Isolados no Sexto Céu, incapazes de enxergar a terra justamente pelo agravamento do tecido, a casta dos malakins, cuja função é estudar e catalogar os movimentos do cosmo, solicitou ao arcanjo Miguel a criação de uma brigada que descesse à Haled para pesquisar os avanços da civilização. O príncipe ofereceu o serviço dos exilados, que há milênios atuavam na sociedade terrestre, alheios às batalhas que se desenrolavam no paraíso.

Destacados, então, para servir sob as ordens dos malakins, esses exilados foram reorganizados sob a forma de um esquadrão de combate. Sua tarefa, a partir de agora, seria participar das guerras humanas, disfarçados de meros recrutas, para anotar as façanhas militares, as decisões de campanha, e depois relatá-las aos seus superiores celestes.

Esse esquadrão tomou parte em todos os conflitos do século XX, das sangrentas praias da Normandia ao colapso da União Soviética. Embora muitos não desejassem matar, era exatamente isso o que lhes foi ordenado, e o que infelizmente acabaram fazendo.

Em paralelo às aventuras de Denyel, que se desenrolam cronologicamente de 1944 a 1989, acompanhamos também, no tempo presente, a jornada de Kaira e Urakin em busca do amigo perdido, que caíra nas águas douradas do rio Oceanus, durante a destruição da ilha-fortaleza de Athea em Herdeiros de Atlântida.

ATENÇÃO! Esse livro não é o primeiro da série e a resenha pode conter spoilers! Confira nossas resenhas anteriores dessa série, clicando na capa desejada:

#01 - Herdeiros de Atlântida

“— E o além? Existe um paraíso?
— Não sei. (…) Mas o inferno, ah, esse existe — garantiu, com um toque de morbidez. — E fica na terra.”

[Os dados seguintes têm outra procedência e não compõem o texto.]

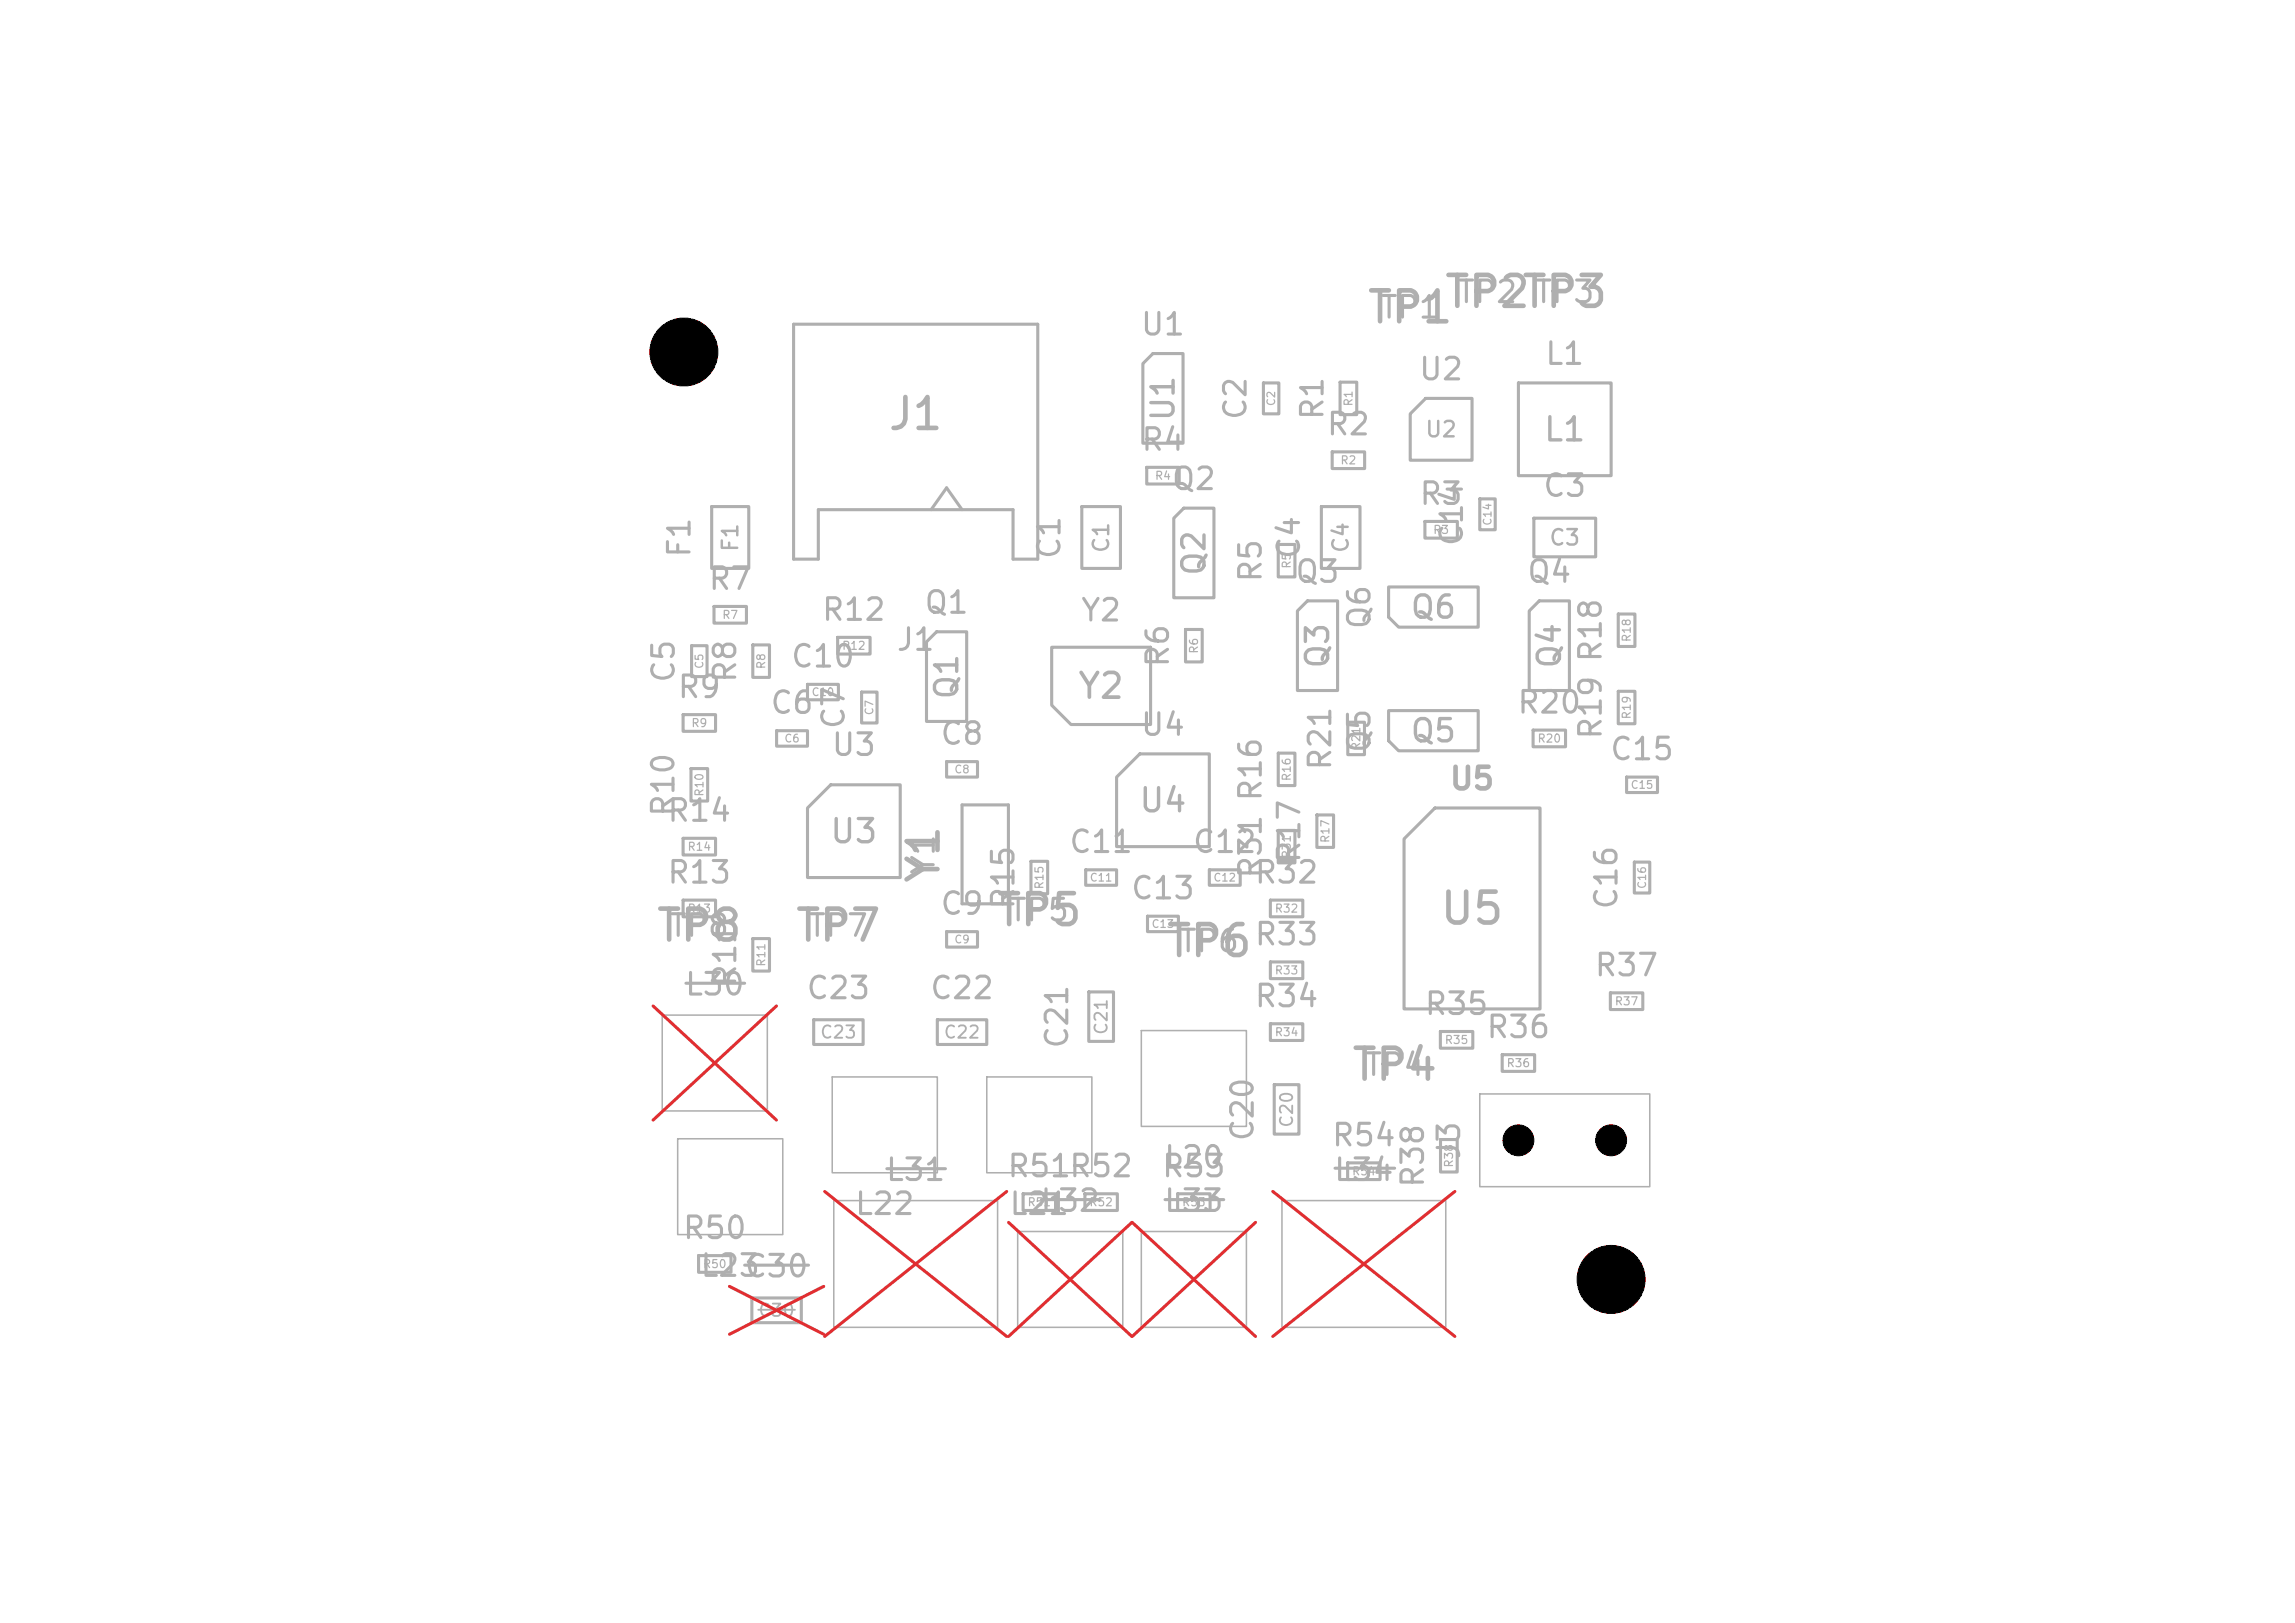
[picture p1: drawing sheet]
<svg xmlns="http://www.w3.org/2000/svg" width="297mm" height="210mm" viewBox="0 0 297 210" stroke-linecap="round" stroke-linejoin="round" font-family="sans-serif">
<defs><g id="words">
<g font-size="4" fill="#afafaf">
<text x="186.7" y="40.8">TP2TP3</text>
<text x="176.7" y="42.8">TP1</text>
<text x="84.1" y="48.6">H1</text>
<text x="114.7" y="56.6">J1</text>
<text x="122.5" y="114.6" transform="rotate(-90 122.5 114.6)">Y1</text>
<text x="84.7" y="122.8">TP8</text>
<text x="102.7" y="122.8">TP7</text>
<text x="128.7" y="120.8">TP5</text>
<text x="150.7" y="124.8">TP6</text>
<text x="186.1" y="120.6">U5</text>
<text x="174.7" y="140.8">TP4</text>
<text x="204.1" y="168.6">H2</text>
</g>
<text font-size="3.2" fill="#afafaf" x="139.3" y="91.2">Y2</text>
<g font-size="3" fill="#afafaf">
<text x="199.6" y="57.8">L1</text>
<text x="147.2" y="105.8">U4</text>
<text x="107.2" y="109.8">U3</text>
</g>
<g font-size="2.9" fill="#afafaf">
<text x="152.7" y="54.7" transform="rotate(-90 152.7 54.7)">U1</text>
<text x="156.7" y="74.7" transform="rotate(-90 156.7 74.7)">Q2</text>
<text x="182.3" y="80.7">Q6</text>
<text x="172.7" y="86.7" transform="rotate(-90 172.7 86.7)">Q3</text>
<text x="202.7" y="86.7" transform="rotate(-90 202.7 86.7)">Q4</text>
<text x="124.7" y="90.7" transform="rotate(-90 124.7 90.7)">Q1</text>
<text x="182.3" y="96.7">Q5</text>
</g>
<g font-size="2.8" fill="#afafaf">
<text x="178.4" y="41.9">TP1</text>
<text x="188.4" y="39.9">TP2 TP3</text>
<text x="147.4" y="44.1">U1</text>
<text x="199.8" y="47.9">L1</text>
<text x="183.4" y="49.9">U2</text>
<text x="147.5" y="59">R4</text>
<text x="162" y="54.6" transform="rotate(-90 162 54.6)">C2</text>
<text x="171.5" y="57">R2</text>
<text x="171.9" y="54.6" transform="rotate(-90 171.9 54.6)">R1</text>
<text x="151.4" y="64.1">Q2</text>
<text x="183.5" y="66">R3</text>
<text x="199.5" y="65">C3</text>
<text x="190" y="70.9" transform="rotate(-90 190 70.9)">C14</text>
<text x="90" y="72.4" transform="rotate(-90 90 72.4)">F1</text>
<text x="91.5" y="77">R7</text>
<text x="137.9" y="72.6" transform="rotate(-90 137.9 72.6)">C1</text>
<text x="163.9" y="75.6" transform="rotate(-90 163.9 75.6)">R5</text>
<text x="167.4" y="76.1">Q3</text>
<text x="168.9" y="72.6" transform="rotate(-90 168.9 72.6)">C4</text>
<text x="197.4" y="76.1">Q4</text>
<text x="106.2" y="81">R12</text>
<text x="119.4" y="80.1">Q1</text>
<text x="139.7" y="81.1">Y2</text>
<text x="178" y="81.6" transform="rotate(-90 178 81.6)">Q6</text>
<text x="88" y="88.6" transform="rotate(-90 88 88.6)">C5</text>
<text x="95.9" y="88.6" transform="rotate(-90 95.9 88.6)">R8</text>
<text x="102.2" y="87">C10</text>
<text x="115.8" y="84.9">J1</text>
<text x="151.9" y="86.6" transform="rotate(-90 151.9 86.6)">R6</text>
<text x="87.5" y="91">R9</text>
<text x="99.5" y="93">C6</text>
<text x="110" y="94.6" transform="rotate(-90 110 94.6)">C7</text>
<text x="147.4" y="95.9">U4</text>
<text x="196.2" y="93">R20</text>
<text x="207.9" y="95.9" transform="rotate(-90 207.9 95.9)">R19 R18</text>
<text x="107.4" y="98.5">U3</text>
<text x="121.5" y="97">C8</text>
<text x="172.9" y="99.9" transform="rotate(-90 172.9 99.9)">R21</text>
<text x="178" y="97.6" transform="rotate(-90 178 97.6)">Q5</text>
<text x="208.2" y="99">C15</text>
<text x="86.2" y="107">R14</text>
<text x="87.9" y="105.9" transform="rotate(-90 87.9 105.9)">R10</text>
<text x="187.4" y="102.9">U5</text>
<text x="121.6" y="113.4" transform="rotate(-90 121.6 113.4)">Y1</text>
<text x="138.2" y="111">C11</text>
<text x="154.2" y="111">C12</text>
<text x="163.9" y="113.9" transform="rotate(-90 163.9 113.9)">R31 R16</text>
<text x="168.9" y="111.9" transform="rotate(-90 168.9 111.9)">R17</text>
<text x="86.2" y="115">R13</text>
<text x="121.5" y="119">C9</text>
<text x="130.4" y="119.9">TP5</text>
<text x="131.9" y="117.9" transform="rotate(-90 131.9 117.9)">R15</text>
<text x="146.2" y="117">C13</text>
<text x="162.2" y="115">R32</text>
<text x="210" y="117.9" transform="rotate(-90 210 117.9)">C16</text>
<text x="86.4" y="121.9">TP8</text>
<text x="104.4" y="121.9">TP7</text>
<text x="152.4" y="123.9">TP6</text>
<text x="162.2" y="123">R33</text>
<text x="88.4" y="129.5">L30</text>
<text x="95.9" y="127.9" transform="rotate(-90 95.9 127.9)">R11</text>
<text x="104.2" y="130">C23</text>
<text x="120.2" y="130">C22</text>
<text x="162.2" y="131">R34</text>
<text x="184.2" y="132">R35</text>
<text x="206.2" y="127">R37</text>
<text x="138.9" y="135.9" transform="rotate(-90 138.9 135.9)">C21</text>
<text x="192.2" y="135">R36</text>
<text x="176.4" y="139.9">TP4</text>
<text x="162.9" y="147.9" transform="rotate(-90 162.9 147.9)">C20</text>
<text x="172.2" y="149">R54</text>
<text x="114.4" y="153.5">L31</text>
<text x="130.2" y="153">R51R52</text>
<text x="150.2" y="153">R53</text>
<text x="150.4" y="151.9">L20</text>
<text x="172.4" y="153.5">L34</text>
<text x="184.9" y="153.9" transform="rotate(-90 184.9 153.9)">R38</text>
<text x="189.6" y="150.2" transform="rotate(-90 189.6 150.2)">J3</text>
<text x="88.2" y="161">R50</text>
<text x="110.4" y="157.9">L22</text>
<text x="130.4" y="157.9">L21</text>
<text x="134.4" y="157.5">L32</text>
<text x="150.4" y="157.5">L33</text>
<text x="90.4" y="165.9">L23</text>
<text x="96.2" y="166">C30</text>
</g>
<g font-size="2" fill="#afafaf">
<text x="184.3" y="57.1">U2</text>
<text x="96" y="71.6" transform="rotate(-90 96 71.6)">F1</text>
<text x="144" y="71.7" transform="rotate(-90 144 71.7)">C1</text>
<text x="175" y="71.7" transform="rotate(-90 175 71.7)">C4</text>
<text x="200.3" y="71.1">C3</text>
</g>
<g font-size="1.6" fill="#afafaf">
<text x="106" y="134.8">C23</text>
<text x="122" y="134.8">C22</text>
<text x="143.7" y="134" transform="rotate(-90 143.7 134)">C21</text>
<text x="167.7" y="146" transform="rotate(-90 167.7 146)">C20</text>
<text x="98" y="170.8">C30</text>
</g>
<g font-size="1" fill="#afafaf">
<text x="165.3" y="52.6" transform="rotate(-90 165.3 52.6)">C2</text>
<text x="175.3" y="52.7" transform="rotate(-90 175.3 52.7)">R1</text>
<text x="149.4" y="62.3">R4</text>
<text x="173.4" y="60.3">R2</text>
<text x="185.4" y="69.3">R3</text>
<text x="193.3" y="68.1" transform="rotate(-90 193.3 68.1)">C14</text>
<text x="167.3" y="73.7" transform="rotate(-90 167.3 73.7)">R5</text>
<text x="93.4" y="80.3">R7</text>
<text x="211.3" y="83.2" transform="rotate(-90 211.3 83.2)">R18</text>
<text x="91.3" y="86.6" transform="rotate(-90 91.3 86.6)">C5</text>
<text x="99.3" y="86.7" transform="rotate(-90 99.3 86.7)">R8</text>
<text x="108.9" y="84.3">R12</text>
<text x="155.3" y="84.7" transform="rotate(-90 155.3 84.7)">R6</text>
<text x="89.4" y="94.3">R9</text>
<text x="104.9" y="90.3">C10</text>
<text x="113.3" y="92.6" transform="rotate(-90 113.3 92.6)">C7</text>
<text x="211.3" y="93.2" transform="rotate(-90 211.3 93.2)">R19</text>
<text x="101.4" y="96.3">C6</text>
<text x="123.4" y="100.3">C8</text>
<text x="167.3" y="101.2" transform="rotate(-90 167.3 101.2)">R16</text>
<text x="176.3" y="97.2" transform="rotate(-90 176.3 97.2)">R21</text>
<text x="198.9" y="96.3">R20</text>
<text x="91.3" y="103.2" transform="rotate(-90 91.3 103.2)">R10</text>
<text x="210.9" y="102.3">C15</text>
<text x="88.9" y="110.3">R14</text>
<text x="167.3" y="111.2" transform="rotate(-90 167.3 111.2)">R31</text>
<text x="172.3" y="109.2" transform="rotate(-90 172.3 109.2)">R17</text>
<text x="88.9" y="118.3">R13</text>
<text x="135.3" y="115.2" transform="rotate(-90 135.3 115.2)">R15</text>
<text x="140.9" y="114.3">C11</text>
<text x="156.9" y="114.3">C12</text>
<text x="164.9" y="118.3">R32</text>
<text x="213.3" y="115.1" transform="rotate(-90 213.3 115.1)">C16</text>
<text x="99.3" y="125.2" transform="rotate(-90 99.3 125.2)">R11</text>
<text x="123.4" y="122.3">C9</text>
<text x="148.9" y="120.3">C13</text>
<text x="164.9" y="126.3">R33</text>
<text x="208.9" y="130.3">R37</text>
<text x="164.9" y="134.3">R34</text>
<text x="186.9" y="135.3">R35</text>
<text x="194.9" y="138.3">R36</text>
<text x="174.9" y="152.3">R54</text>
<text x="188.3" y="151.2" transform="rotate(-90 188.3 151.2)">R38</text>
<text x="132.9" y="156.3">R51</text>
<text x="140.9" y="156.3">R52</text>
<text x="152.9" y="156.3">R53</text>
<text x="90.9" y="164.3">R50</text>
</g>
</g></defs>
<g fill="none" stroke="#afafaf" stroke-width=".4">
<path d="M102.7 42h31.6v30.4h-3.2v-6.4h-25.2v6.4h-3.2zM149.2 45.8h3.9v11.6h-5.2v-10.3zM163.5 49.6h2v4h-2zM172.4 58.5h4.2v2.1h-4.2zM173.4 49.4h2.2v4.3h-2.2zM182.5 53.6l2-2h6v8h-8zM196.5 49.6h12v12h-12zM92.1 65.6h4.8v8h-4.8zM92.4 78.5h4.2v2.1h-4.2zM120.5 66l2-2.9 2 2.9M140 65.6h5v8h-5zM148.4 60.5h4.2v2.1h-4.2z"/>
<path d="M153.2 65.8h3.9v11.6h-5.2v-10.3zM165.4 70.5h2.2v4.2h-2.2zM167.9 79.1l1.3-1.3h3.9v11.6h-5.2zM171 65.6h5v8h-5zM179.7 76h11.6v5.2h-10.3l-1.3-1.4zM184.4 67.5h4.2v2.1h-4.2zM191.5 64.6h2v4h-2zM197.9 79.1l1.3-1.3h3.9v11.6h-5.2zM198.5 67.1h8v5h-8zM209.4 79.5h2.2v4.2h-2.2zM88.4 92.5h4.2v2.1h-4.2zM89.4 99.5h2.2v4.2h-2.2z"/>
<path d="M89.5 83.6h2v3.9h-2zM97.4 83.5h2.2v4.2h-2.2zM100.5 94.5h4v2.1h-4zM104.5 88.5h4v2h-4zM108.4 82.5h4.2v2.1h-4.2zM111.5 89.5h2v4h-2zM119.9 83.1l1.3-1.3h3.9v11.6h-5.2zM122.5 98.6h4v2h-4zM136.1 83.8h12.8v10h-10.3l-2.5-2.5zM153.4 81.5h2.2v4.2h-2.2zM165.4 97.5h2.2v4.2h-2.2zM174.4 93.5h2.2v4.2h-2.2z"/>
<path d="M179.7 92h11.6v5.2h-10.3l-1.3-1.3zM198.4 94.5h4.2v2.1h-4.2zM209.4 89.5h2.2v4.2h-2.2zM88.4 116.5h4.2v2.1h-4.2zM88.4 108.5h4.2v2.1h-4.2zM107.5 101.6h9v12h-12v-9zM124.5 104.2h6v12.8h-6zM133.4 111.5h2.2v4.2h-2.2zM140.5 112.6h4v2h-4zM144.5 100.6l3-3h9v12h-12zM148.5 118.6h4v2h-4zM156.5 112.6h4v2h-4z"/>
<path d="M164.4 116.5h4.2v2.1h-4.2zM165.4 107.5h2.2v4.2h-2.2zM170.4 105.5h2.2v4.2h-2.2zM181.7 108.6l4-4h13.6v26h-17.6zM210.5 100.6h4v2h-4zM211.5 111.6h2v4h-2zM88.8 127.2h7.6M97.4 121.5h2.2v4.1h-2.2zM105.3 132h6.4v3.2h-6.4zM121.3 132h6.4v3.2h-6.4zM122.5 120.6h4v2h-4zM140.9 128.4h3.2v6.4h-3.2z"/>
<path d="M164.4 124.5h4.2v2.1h-4.2zM164.4 132.5h4.2v2.1h-4.2zM186.4 133.5h4.2v2.1h-4.2zM194.4 136.5h4.2v2.1h-4.2zM208.4 128.5h4.2v2.1h-4.2zM114.8 151.2h7.6M132.4 154.5h4.2v2.1h-4.2zM134.8 155.2h7.6M140.4 154.5h4.2v2.1h-4.2zM150.8 155.2h7.6M152.4 154.5h4.2v2.1h-4.2zM164.9 140.3h3.2v6.5h-3.2z"/>
<path d="M172.8 151.2h7.7M174.4 150.5h4.2v2.1h-4.2zM186.4 147.5h2.2v4.2h-2.2zM90.4 162.5h4.2v2.1h-4.2zM96.4 163.7h8.2M97.3 168h6.4v3.2h-6.4z"/>
</g>
<path d="M98.1 169.5h4.8" fill="none" stroke="#afafaf" stroke-width=".24"/>
<path d="M85.7 131.4h13.6v12.4h-13.6zM107.7 139.3h13.6v12.5h-13.6zM127.7 139.3h13.6v12.5h-13.6zM147.7 133.4h13.6v12.4h-13.6zM87.7 147.4h13.6v12.4h-13.6zM107.9 155.4h21.2v16.3h-21.2zM131.7 159.4h13.6v12.3h-13.6zM147.7 159.4h13.6v12.3h-13.6zM165.9 155.4h21.2v16.3h-21.2zM191.5 141.6h22v12h-22z" fill="none" stroke="#afafaf" stroke-width=".2"/>
<path d="M84.5 130.2l16 14.7M100.5 130.2l-16 14.7M106.7 154.2l23.6 18.7M130.3 154.2l-23.6 18.7M130.5 158.2l16 14.7M146.5 158.2l-16 14.7M146.5 158.2l16 14.7M162.5 158.2l-16 14.7M164.7 154.2l23.6 18.7M188.3 154.2l-23.6 18.7M94.4 166.5l12.2 6.2M106.6 166.5l-12.2 6.2" fill="none" stroke="#e12e31" stroke-width=".4"/>
<g fill="#000" stroke="#000" stroke-width=".13">
<circle cx="88.5" cy="45.6" r="4.4"/>
<circle cx="196.5" cy="147.6" r="2"/>
<circle cx="208.5" cy="147.6" r="2"/>
<circle cx="208.5" cy="165.6" r="4.4"/>
</g>
<use href="#words"/>
</svg>

Simplesmente não consigo entender como esse segundo livro da série Filhos do Éden ficou parado na minha estante por mais de dois anos! Talvez a maldição do segundo livro? Virei fã de carteirinha do autor depois de ler A batalha do apocalipse em 2010 e fiquei animadíssima ao saber que o universo seria expandido para essa trilogia. Mas entre leituras de cortesia e lançamentos, Anjos da morte acabou ficando parado em casa, mas finalmente achei um tempinho para colocá-lo entre as minhas leituras. Aí bateu o arrependimento de não ter lido essa incrível obra antes.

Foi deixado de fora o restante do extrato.